Viajando com seu aparelho


Apesar da comercialização de cigarros eletrônicos ser proibida no Brasil, a propriedade e uso não são. Isso quer dizer que não há nenhum motivo para você ter problemas ao viajar com seus aparelhos, juices e acessórios, desde que siga as determinações das Cias Aéreas que por usa vez seguem as determinações das agências de aviação civil.

No Brasil, é possível consultar no site da própria ANAC (Agência Nacional de Aviação Civil) e obter as informações necessárias.

Como pode ver, a ANAC até cita a proibição na comercialização e importação, porém permite o uso pessoal conforme a lei vigente, deixando claro que as maiores exigências são em relação às baterias, que são os itens que podem representar algum risco.

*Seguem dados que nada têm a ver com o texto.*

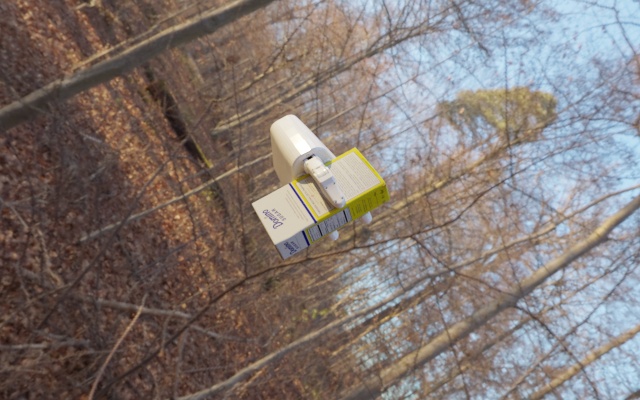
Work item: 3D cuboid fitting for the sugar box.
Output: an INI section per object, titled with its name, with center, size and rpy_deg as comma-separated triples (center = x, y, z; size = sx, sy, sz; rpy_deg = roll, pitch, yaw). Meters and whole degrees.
[sugar box]
center = 0.000, 0.002, 0.683
size = 0.176, 0.093, 0.048
rpy_deg = -30, -42, -5
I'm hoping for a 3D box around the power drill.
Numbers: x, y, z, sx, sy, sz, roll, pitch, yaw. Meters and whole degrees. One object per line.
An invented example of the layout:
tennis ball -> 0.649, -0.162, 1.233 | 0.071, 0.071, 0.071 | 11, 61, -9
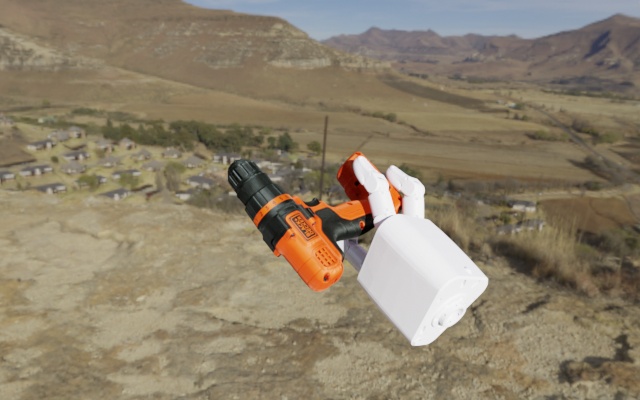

Como levar seu equipamento de vaping em viagens NACIONAIS

  • Os equipamentos não devem ser despachados, sendo levados exclusivamente na bagagem de mão;
  • Os aparelhos devem estar sem pilhas para evitar acionamentos;
  • Proteja as pilhas em embalagens plásticas ou de silicone, pra evitar curtos e explosões. Essa é a maior preocupação das Cias Aéreas;
  • Se quiser levar seus juices, fique tranquilo, as restrições em relação a líquidos são diferentes para cada Cia. Aérea, mas nenhuma delas é muito exigente e muitas vezes sequer limitam a quantidade ou o volume do que você pode levar. Na Gol, a única que conseguimos uma informação específica quanto a isso, você pode levar até 2 kg ou 2 litros de líquidos na bagagem de mão e a quantidade que cada frasco pode conter só não pode ser maior do que 500 gramas ou 500 ml cada, o que é mais do que o suficiente para qualquer vaper se manter por um bom tempo. Na bagagem despachada é possível levar até 5 litros de bebidas alcoólicas desde que cada garrafa tenha no máximo 1 litro, portanto imaginamos que o mesmo se aplique a outros tipos de líquidos pois não conseguimos achar informações específicas mencionando líquidos que não sejam bebidas alcoólicas;
  • Acessórios como atomizadores, bobinas, algodão, coils pré-enroladas, coilheads, etc podem ser levadas na bagagem de mão;
  • Objetos cortantes como facas e canivetes não podem ser levadas na bagagem de mão se tiverem mais do que 6 centímetros, assim como tesouras cujo tamanho medido à partir do eixo ultrapassem 6 centímetros, porém muitos de nós utilizam alicates de corte e apesar de não terem 6 centímetros, os fiscais podem sim pedir para que você despache ou ainda que abandone o objeto, então na dúvida, despache, pois na bagagem despachada pode mandar tudo isso sem problemas.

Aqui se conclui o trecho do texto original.